Lana Del Rey in hindsight
Published: Wednesday, October 17, 2012
Updated: Wednesday, October 17, 2012 22:10
Last year around this time, a young woman named Elizabeth Grant (a.k.a. Lana Del Rey) was the Internet’s favorite target. For a while, everyone hated Lana Del Rey—and I mean everyone. Even NBC news anchor Brian Williams cited Del Rey’s “Saturday Night Live” performance as “one of the worst outings in SNL history.”
It’s been over ten months since that nightmare of a performance. However, Del Rey’s music was criticized long before her SNL train wreck (which only reaffirmed everyone’s statements), so what was the real reason she was the source of so much denigration? Is that criticism still valid today?
It’s a tough call to make. Del Rey originally fell under scrutiny because of her metamorphosis from thriving artist Lizzy Grant to constructed indie sex goddess Lana Del Rey. But it wasn’t the gimmick itself that left blood boiling – it was the idea that Del Ray gave up on the mainstream industry and instead tried to appeal to an entirely new genre. Unfortunately, she picked the wrong one. In creating the alter ego Lana Del Rey, she was doing something that the genre itself stands firmly against. She was constructing a gimmick based primarily off her sexuality before even establishing herself as a talented musician.
But wait, indie is a market, too. There are gimmicks (think: Wavves and Best Coast’s cats on the cover of… everything). But, Lana Del Rey simply didn’t seem genuine. Where indie gimmicks normally involve humor and self-mocking, she worked off a hyper-serious sex-kitten angle. She also denied having a rhinoplasty or collagen injections, both of which seem likely when comparing pictures of early Grant to current Del Rey. Nothing about her seemed honest, which rubbed avid xx and Fleet Foxes fans the wrong way. Naturally, there was Internet backlash; people took sides and most were vehemently against Del Rey.
Now that Del Rey is essentially a thing of the past (quite honestly, I forgot she existed until I saw a picture of her yesterday), let’s try and examine why there was so much controversy surrounding her. First, consider that when Del Rey was still young Lizzy Grant, she was trying to enter the mainstream music industry—an industry that focuses predominantly on image. Naturally, after years of being conditioned on how image works and how to transform oneself, the artist brought those lessons into her Del Rey endeavors. She packaged herself as a sex kitten because those artists are the ones that make Top-40. Unfortunately, she wasn’t considering her audience. No one reading Pitchfork wants to hear music from a privileged, young woman cherry-picking influences to create an image (remember her claim to being “a gangster Nancy Sinatra?”)

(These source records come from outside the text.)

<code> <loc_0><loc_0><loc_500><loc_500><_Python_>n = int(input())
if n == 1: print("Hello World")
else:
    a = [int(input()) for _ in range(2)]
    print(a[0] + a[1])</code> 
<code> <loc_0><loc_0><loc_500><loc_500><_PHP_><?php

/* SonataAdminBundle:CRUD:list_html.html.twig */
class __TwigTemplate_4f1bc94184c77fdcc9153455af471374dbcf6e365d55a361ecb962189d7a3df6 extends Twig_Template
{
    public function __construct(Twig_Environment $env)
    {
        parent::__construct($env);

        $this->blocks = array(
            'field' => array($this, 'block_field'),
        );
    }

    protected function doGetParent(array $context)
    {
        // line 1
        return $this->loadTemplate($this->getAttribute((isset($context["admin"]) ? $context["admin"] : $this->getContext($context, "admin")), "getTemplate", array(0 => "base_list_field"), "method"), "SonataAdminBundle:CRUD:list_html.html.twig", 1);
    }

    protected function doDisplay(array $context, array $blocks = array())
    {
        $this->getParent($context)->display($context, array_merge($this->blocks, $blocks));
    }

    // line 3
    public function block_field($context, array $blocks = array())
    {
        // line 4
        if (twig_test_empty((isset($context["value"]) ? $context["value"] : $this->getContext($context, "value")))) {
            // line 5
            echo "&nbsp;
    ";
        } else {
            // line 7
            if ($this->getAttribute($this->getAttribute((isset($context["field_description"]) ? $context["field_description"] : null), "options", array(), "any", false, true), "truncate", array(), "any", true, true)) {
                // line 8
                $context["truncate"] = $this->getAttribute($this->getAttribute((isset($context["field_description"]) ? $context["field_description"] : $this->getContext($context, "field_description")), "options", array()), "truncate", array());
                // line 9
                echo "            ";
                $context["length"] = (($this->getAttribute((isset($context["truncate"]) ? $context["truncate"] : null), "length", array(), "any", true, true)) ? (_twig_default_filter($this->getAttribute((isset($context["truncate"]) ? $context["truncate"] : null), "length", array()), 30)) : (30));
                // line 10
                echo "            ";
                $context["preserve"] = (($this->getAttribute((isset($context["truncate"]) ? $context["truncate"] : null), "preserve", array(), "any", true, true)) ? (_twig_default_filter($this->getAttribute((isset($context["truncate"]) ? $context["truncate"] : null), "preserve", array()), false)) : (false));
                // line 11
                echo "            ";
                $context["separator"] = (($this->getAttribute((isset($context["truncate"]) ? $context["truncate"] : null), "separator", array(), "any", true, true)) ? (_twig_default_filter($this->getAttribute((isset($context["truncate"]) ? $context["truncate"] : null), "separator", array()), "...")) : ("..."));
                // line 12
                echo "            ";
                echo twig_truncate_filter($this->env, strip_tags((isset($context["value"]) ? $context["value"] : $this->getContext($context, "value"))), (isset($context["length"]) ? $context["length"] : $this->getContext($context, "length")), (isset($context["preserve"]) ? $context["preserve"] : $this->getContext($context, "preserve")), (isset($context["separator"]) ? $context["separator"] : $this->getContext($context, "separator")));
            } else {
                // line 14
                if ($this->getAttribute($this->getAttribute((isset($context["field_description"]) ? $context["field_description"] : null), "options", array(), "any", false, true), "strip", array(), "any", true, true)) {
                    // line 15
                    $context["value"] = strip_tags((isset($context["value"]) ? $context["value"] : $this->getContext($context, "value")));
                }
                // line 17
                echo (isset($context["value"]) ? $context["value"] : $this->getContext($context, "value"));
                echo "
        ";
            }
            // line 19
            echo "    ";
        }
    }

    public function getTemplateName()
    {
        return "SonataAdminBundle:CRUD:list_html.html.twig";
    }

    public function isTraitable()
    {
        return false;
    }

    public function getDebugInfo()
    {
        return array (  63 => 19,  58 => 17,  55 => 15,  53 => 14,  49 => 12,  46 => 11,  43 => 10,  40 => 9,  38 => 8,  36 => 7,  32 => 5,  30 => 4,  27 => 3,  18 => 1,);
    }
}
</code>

I believe Del Rey would have been heralded by listeners if she’d remained Lizzy Grant. If she’d come out in jeans and a white T-shirt and sang “Video Games,” minds would have been blown. Because, quite honestly, her voice is beautiful, powerful and evocative. It’s a force to be reckoned with. But Del Rey kept that tool in her back pocket, placing looks before talent, and that was her greatest mistake.